Planning to Live
Last evening I received an out-of-the-blue phone call from a dear woman whom we met many years ago through a Christian seniors' bed-and-breakfast network. We'd lost track of her and her husband when they changed their email address. She's a person who walks in tune with God, and she followed his nudge to call me. You know that my general outlook during this journey with cancer has been "planning to live, prepared to die." Well, as I was bringing her up-to-date (she hadn't heaard of the cancer), I think she discerned that I've unwittingly switched the order of those two options. (Maybe I'm tired of all the chemo, the pills, the uncertainty.) But she was having none of it. "Carol," she said, "I don't think I can accept your saying that you might die." She was gracious, and our conversation moved on, but I've thought more about it, and she's right. I'm straightening my head around and both planning and preparing to live. I need a dream for ten years from now. (Of course, I am still committed to Fully Relying On God, and whatever he chooses is right and good--whenever.)
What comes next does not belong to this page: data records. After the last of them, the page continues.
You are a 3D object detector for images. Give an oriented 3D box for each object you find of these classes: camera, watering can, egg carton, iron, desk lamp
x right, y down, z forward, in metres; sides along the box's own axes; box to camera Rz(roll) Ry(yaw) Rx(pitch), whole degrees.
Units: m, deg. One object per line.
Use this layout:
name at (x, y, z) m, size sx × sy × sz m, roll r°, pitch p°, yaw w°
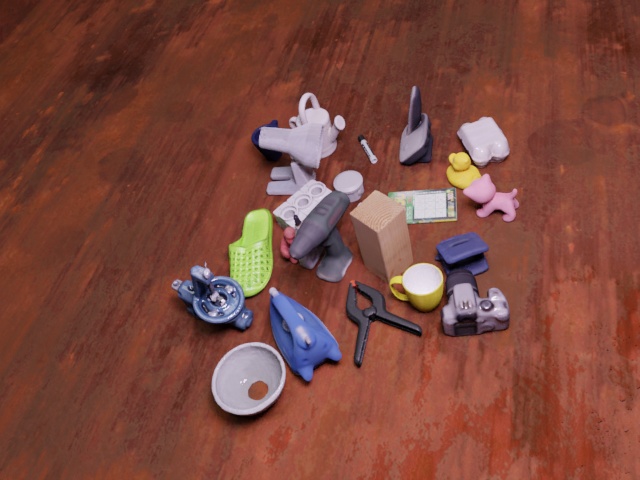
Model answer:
camera at (0.329, 0.125, 1.246) m, size 0.143 × 0.101 × 0.137 m, roll -8°, pitch 51°, yaw 10°
watering can at (-0.011, -0.338, 1.651) m, size 0.172 × 0.194 × 0.101 m, roll -6°, pitch 51°, yaw 12°
egg carton at (0.441, -0.265, 1.543) m, size 0.107 × 0.069 × 0.150 m, roll -19°, pitch 50°, yaw 1°
iron at (-0.064, 0.183, 1.288) m, size 0.119 × 0.142 × 0.257 m, roll -33°, pitch 51°, yaw -11°
desk lamp at (-0.072, -0.225, 1.567) m, size 0.202 × 0.214 × 0.118 m, roll -1°, pitch 52°, yaw 16°

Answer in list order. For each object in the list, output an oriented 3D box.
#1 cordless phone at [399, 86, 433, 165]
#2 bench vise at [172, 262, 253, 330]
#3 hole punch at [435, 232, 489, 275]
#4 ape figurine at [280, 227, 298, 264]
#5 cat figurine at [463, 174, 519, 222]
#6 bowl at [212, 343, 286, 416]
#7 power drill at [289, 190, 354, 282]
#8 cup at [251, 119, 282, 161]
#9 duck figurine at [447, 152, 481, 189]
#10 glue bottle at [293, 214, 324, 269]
cordless phone at (0.254, -0.310, 1.558) m, size 0.094 × 0.185 × 0.147 m, roll -3°, pitch 52°, yaw 14°
bench vise at (-0.277, 0.129, 1.341) m, size 0.207 × 0.220 × 0.121 m, roll 0°, pitch 53°, yaw 16°
hole punch at (0.327, 0.027, 1.331) m, size 0.108 × 0.091 × 0.101 m, roll -20°, pitch 50°, yaw 0°
ape figurine at (-0.070, 0.004, 1.465) m, size 0.078 × 0.092 × 0.076 m, roll -21°, pitch 50°, yaw 0°
cat figurine at (0.417, -0.110, 1.395) m, size 0.127 × 0.118 × 0.067 m, roll 8°, pitch 55°, yaw 22°
bowl at (-0.147, 0.314, 1.252) m, size 0.167 × 0.075 × 0.167 m, roll -8°, pitch 51°, yaw 10°
power drill at (0.013, 0.005, 1.363) m, size 0.075 × 0.209 × 0.230 m, roll 13°, pitch 57°, yaw 25°
cup at (-0.145, -0.295, 1.721) m, size 0.091 × 0.095 × 0.118 m, roll 8°, pitch 55°, yaw 22°
duck figurine at (0.373, -0.186, 1.490) m, size 0.077 × 0.086 × 0.104 m, roll -35°, pitch 51°, yaw -12°
glue bottle at (-0.037, -0.005, 1.409) m, size 0.037 × 0.173 × 0.078 m, roll 16°, pitch 59°, yaw 27°
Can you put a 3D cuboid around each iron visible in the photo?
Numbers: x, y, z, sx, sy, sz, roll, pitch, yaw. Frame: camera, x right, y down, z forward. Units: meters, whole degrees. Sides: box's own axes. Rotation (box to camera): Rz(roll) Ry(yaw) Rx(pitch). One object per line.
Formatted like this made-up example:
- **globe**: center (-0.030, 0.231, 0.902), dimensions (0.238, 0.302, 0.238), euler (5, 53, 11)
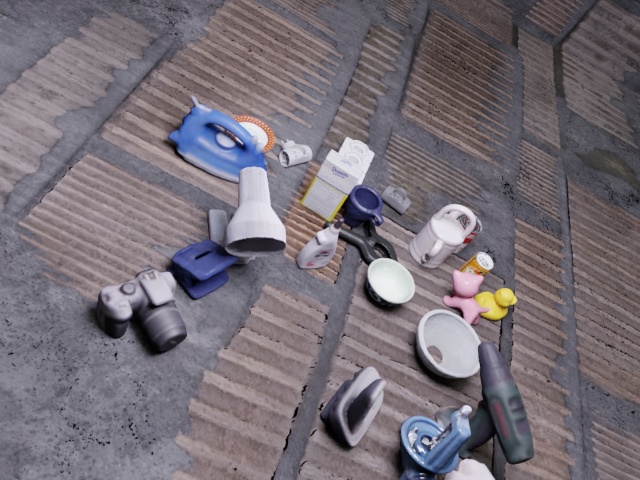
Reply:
- **iron**: center (-0.215, -0.231, 1.348), dimensions (0.258, 0.141, 0.119), euler (27, 47, -8)

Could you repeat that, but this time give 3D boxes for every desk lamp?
- **desk lamp**: center (-0.155, -0.034, 1.177), dimensions (0.118, 0.213, 0.203), euler (4, 53, -26)

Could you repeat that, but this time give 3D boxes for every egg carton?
- **egg carton**: center (0.304, 0.507, 1.107), dimensions (0.107, 0.069, 0.150), euler (-18, 66, -38)

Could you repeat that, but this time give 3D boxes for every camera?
- **camera**: center (-0.310, 0.132, 1.037), dimensions (0.143, 0.100, 0.136), euler (-20, 66, -38)

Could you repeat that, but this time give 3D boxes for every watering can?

On Tuesday when the nurse found out that I was still struggling with nausea, she injected a liquid directly into my I-V, and I think I fell asleep before she walked away. Apparently, after the infusion was finished, I “woke up” and she gave instructions about which drugs I should take the next day, yesterday, to prevent a recurrence. I went home and directly to bed, where I stayed until time to return for more chemo at 9:30. Thanks to the Atavan injection, my short-term memory failed me, and I didn’t take anything yesterday morning. I wasn’t nearly as sick as the day before, but the yucky feeling returned. Now I have the instructions written in ink on paper, and I think anyway I’ll remember to do the right thing. I suppose everyone in long-term chemo-therapy reaches this point where there are entirely too many strange drug names to keep track of, and I have to humble myself to the point of admitting to the nurse that I’ve forgotten what she said, and will she please say it again? Those nurses are incredibly affirming and wonderful—never make me feel stupid.
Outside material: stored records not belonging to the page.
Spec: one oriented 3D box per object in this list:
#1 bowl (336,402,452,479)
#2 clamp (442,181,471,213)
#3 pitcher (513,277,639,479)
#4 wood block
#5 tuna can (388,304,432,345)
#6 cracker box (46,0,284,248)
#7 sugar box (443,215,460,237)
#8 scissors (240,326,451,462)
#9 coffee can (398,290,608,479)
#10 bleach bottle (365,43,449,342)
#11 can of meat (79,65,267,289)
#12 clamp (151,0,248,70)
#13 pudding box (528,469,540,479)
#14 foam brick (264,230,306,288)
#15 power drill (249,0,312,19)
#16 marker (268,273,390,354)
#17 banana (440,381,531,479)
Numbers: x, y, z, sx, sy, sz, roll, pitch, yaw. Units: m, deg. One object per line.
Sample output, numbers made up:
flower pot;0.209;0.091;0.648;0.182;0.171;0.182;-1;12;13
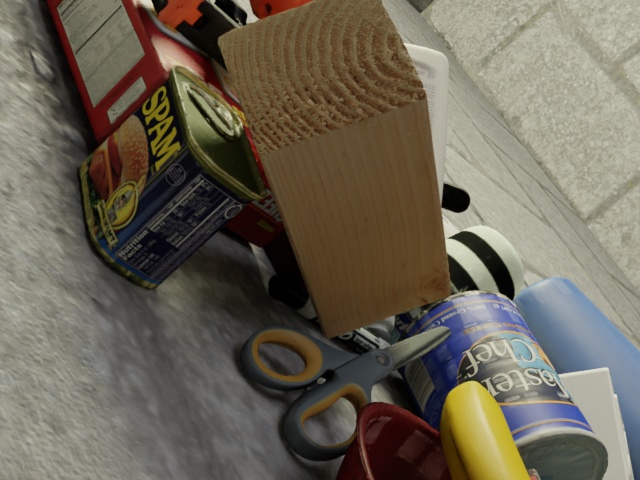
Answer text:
bowl;0.056;0.164;0.552;0.162;0.055;0.162;44;16;-17
clamp;0.050;-0.066;1.029;0.172;0.039;0.120;27;14;33
pitcher;0.269;0.161;1.034;0.144;0.149;0.243;6;40;-46
wood block;0.016;-0.037;0.631;0.206;0.091;0.090;72;-3;-57
tuna can;0.074;0.069;0.864;0.086;0.034;0.086;44;16;-17
cracker box;-0.103;-0.113;0.753;0.164;0.072;0.214;34;20;-45
sugar box;0.097;-0.004;1.076;0.093;0.048;0.176;45;13;-1
scissors;0.018;0.068;0.662;0.096;0.016;0.201;41;31;4
coffee can;0.124;0.119;0.752;0.102;0.103;0.140;35;20;-39
bleach bottle;0.045;-0.040;0.843;0.068;0.102;0.250;96;2;-62
can of meat;-0.084;-0.035;0.591;0.057;0.084;0.102;36;20;-36
clamp;-0.076;-0.156;0.716;0.164;0.036;0.210;48;10;5
pudding box;0.142;0.207;0.651;0.113;0.039;0.090;63;3;-45
foam brick;-0.005;0.001;0.778;0.051;0.053;0.078;29;24;-50
power drill;-0.012;-0.172;0.806;0.184;0.057;0.188;41;9;-47
marker;0.007;0.056;0.744;0.121;0.020;0.020;36;20;-37
banana;0.099;0.132;0.569;0.069;0.037;0.198;40;18;-24

That reminds me of the first “blessed” in Jesus’ sermon on the hillside: “Blessed are the poor in spirit.” Poor in spirit is usually defined, colloquially, as knowing you can’t cut it by yourself. So a stubborn person like me spends most of a lifetime proving—impossibly—that I can do it. Failure, cancer, and aging turn out to be a threefold grace if they bring me/us to the point of being poor in spirit. Blessed!
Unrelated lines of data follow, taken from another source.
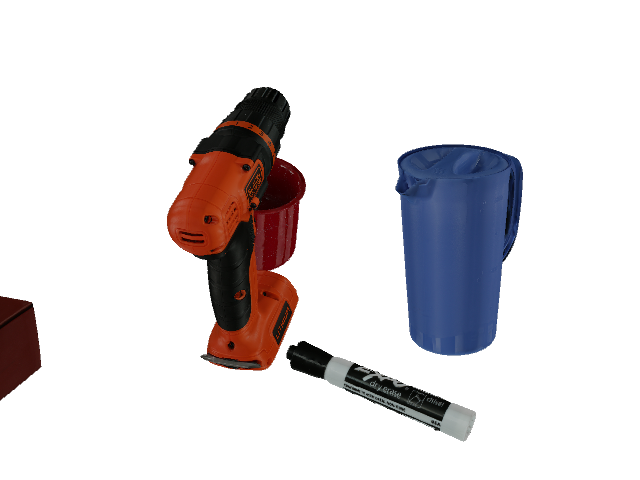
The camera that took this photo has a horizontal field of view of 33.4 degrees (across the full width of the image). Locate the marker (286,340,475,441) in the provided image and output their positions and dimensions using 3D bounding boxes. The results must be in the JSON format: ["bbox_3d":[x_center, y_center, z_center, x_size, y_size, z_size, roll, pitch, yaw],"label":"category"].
[{"bbox_3d":[0.034,0.089,0.643,0.121,0.020,0.020,20,7,19],"label":"marker"}]

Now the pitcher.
[{"bbox_3d":[0.170,0.009,1.301,0.149,0.243,0.145,1,23,9],"label":"pitcher"}]

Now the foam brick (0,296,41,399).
[{"bbox_3d":[-0.233,0.076,0.715,0.053,0.051,0.078,9,28,24],"label":"foam brick"}]

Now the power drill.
[{"bbox_3d":[-0.059,-0.006,0.840,0.057,0.187,0.184,6,40,18],"label":"power drill"}]

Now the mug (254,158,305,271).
[{"bbox_3d":[-0.074,-0.021,1.029,0.117,0.081,0.093,-14,44,-21],"label":"mug"}]

I heard yesterday that the temperature in Iraq is reaching 120 F. I know how my mood turns when I'm that miserable. Let's pray for our military friends over there. They can't afford bad moods! May God give them grace.
FROG-ing,
Carol
1 Comments:
Carol, I like your new *plan*. Continuing to pray for you.
Thank you for reminding me of the heat in Iraq. Here I was not five minutes ago complaining about the heat here as I sit in the comfort of AC and light clothing. What was I thinking? My heart gets full when I remember our soldiers.